WORK REQUIRED: Exactly what is written in the records below should be returned, minus the images.

Records excerpted from a collection
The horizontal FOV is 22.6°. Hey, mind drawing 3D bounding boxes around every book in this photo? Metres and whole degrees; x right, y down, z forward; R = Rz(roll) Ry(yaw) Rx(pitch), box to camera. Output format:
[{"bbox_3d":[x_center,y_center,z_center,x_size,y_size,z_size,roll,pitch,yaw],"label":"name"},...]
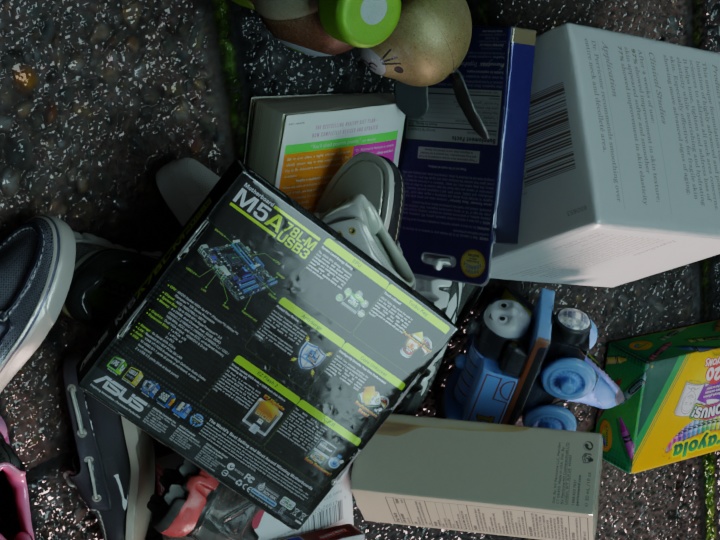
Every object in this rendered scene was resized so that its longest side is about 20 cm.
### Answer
[{"bbox_3d":[-0.032,-0.039,1.437,0.133,0.048,0.200,-7,115,-38],"label":"book"}]

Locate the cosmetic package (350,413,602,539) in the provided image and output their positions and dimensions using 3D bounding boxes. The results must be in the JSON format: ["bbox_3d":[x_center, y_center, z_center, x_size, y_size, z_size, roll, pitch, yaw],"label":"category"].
[{"bbox_3d":[0.098,0.172,1.491,0.105,0.200,0.071,75,22,-67],"label":"cosmetic package"}]

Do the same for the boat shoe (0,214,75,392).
[{"bbox_3d":[-0.281,0.039,1.247,0.093,0.075,0.200,31,89,-49],"label":"boat shoe"}]

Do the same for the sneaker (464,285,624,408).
[{"bbox_3d":[0.166,0.088,1.646,0.078,0.066,0.200,-50,132,5],"label":"sneaker"}]

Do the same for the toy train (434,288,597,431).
[{"bbox_3d":[0.131,0.103,1.548,0.114,0.087,0.200,14,130,-3],"label":"toy train"}]

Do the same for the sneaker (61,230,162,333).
[{"bbox_3d":[-0.145,0.022,1.329,0.200,0.087,0.074,12,105,-33],"label":"sneaker"}]

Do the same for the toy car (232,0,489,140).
[{"bbox_3d":[0.021,-0.176,1.330,0.158,0.164,0.200,-43,127,-16],"label":"toy car"}]

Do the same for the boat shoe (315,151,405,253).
[{"bbox_3d":[0.000,0.000,1.409,0.060,0.074,0.200,-6,118,-42],"label":"boat shoe"}]

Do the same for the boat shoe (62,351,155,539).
[{"bbox_3d":[-0.196,0.146,1.391,0.063,0.073,0.200,5,119,5],"label":"boat shoe"}]

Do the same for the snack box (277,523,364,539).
[{"bbox_3d":[-0.088,0.254,1.422,0.200,0.024,0.072,-8,113,-34],"label":"snack box"}]

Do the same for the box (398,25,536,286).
[{"bbox_3d":[0.079,-0.092,1.423,0.032,0.121,0.200,3,94,-40],"label":"box"}]

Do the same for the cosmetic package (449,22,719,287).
[{"bbox_3d":[0.189,-0.087,1.472,0.200,0.166,0.168,5,72,-40],"label":"cosmetic package"}]

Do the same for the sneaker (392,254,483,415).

EXPECTED ANSWER:
The horizontal FOV is 22.6°. Hey, mind drawing 3D bounding boxes around every book in this photo? Metres and whole degrees; x right, y down, z forward; R = Rz(roll) Ry(yaw) Rx(pitch), box to camera. Output format:
[{"bbox_3d":[x_center,y_center,z_center,x_size,y_size,z_size,roll,pitch,yaw],"label":"name"},...]
Every object in this rendered scene was resized so that its longest side is about 20 cm.
### Answer
[{"bbox_3d":[-0.032,-0.039,1.437,0.133,0.048,0.200,-7,115,-38],"label":"book"}]

Locate the cosmetic package (350,413,602,539) in the provided image and output their positions and dimensions using 3D bounding boxes. The results must be in the JSON format: ["bbox_3d":[x_center, y_center, z_center, x_size, y_size, z_size, roll, pitch, yaw],"label":"category"].
[{"bbox_3d":[0.098,0.172,1.491,0.105,0.200,0.071,75,22,-67],"label":"cosmetic package"}]

Do the same for the boat shoe (0,214,75,392).
[{"bbox_3d":[-0.281,0.039,1.247,0.093,0.075,0.200,31,89,-49],"label":"boat shoe"}]

Do the same for the sneaker (464,285,624,408).
[{"bbox_3d":[0.166,0.088,1.646,0.078,0.066,0.200,-50,132,5],"label":"sneaker"}]

Do the same for the toy train (434,288,597,431).
[{"bbox_3d":[0.131,0.103,1.548,0.114,0.087,0.200,14,130,-3],"label":"toy train"}]

Do the same for the sneaker (61,230,162,333).
[{"bbox_3d":[-0.145,0.022,1.329,0.200,0.087,0.074,12,105,-33],"label":"sneaker"}]

Do the same for the toy car (232,0,489,140).
[{"bbox_3d":[0.021,-0.176,1.330,0.158,0.164,0.200,-43,127,-16],"label":"toy car"}]

Do the same for the boat shoe (315,151,405,253).
[{"bbox_3d":[0.000,0.000,1.409,0.060,0.074,0.200,-6,118,-42],"label":"boat shoe"}]

Do the same for the boat shoe (62,351,155,539).
[{"bbox_3d":[-0.196,0.146,1.391,0.063,0.073,0.200,5,119,5],"label":"boat shoe"}]

Do the same for the snack box (277,523,364,539).
[{"bbox_3d":[-0.088,0.254,1.422,0.200,0.024,0.072,-8,113,-34],"label":"snack box"}]

Do the same for the box (398,25,536,286).
[{"bbox_3d":[0.079,-0.092,1.423,0.032,0.121,0.200,3,94,-40],"label":"box"}]

Do the same for the cosmetic package (449,22,719,287).
[{"bbox_3d":[0.189,-0.087,1.472,0.200,0.166,0.168,5,72,-40],"label":"cosmetic package"}]

Do the same for the sneaker (392,254,483,415).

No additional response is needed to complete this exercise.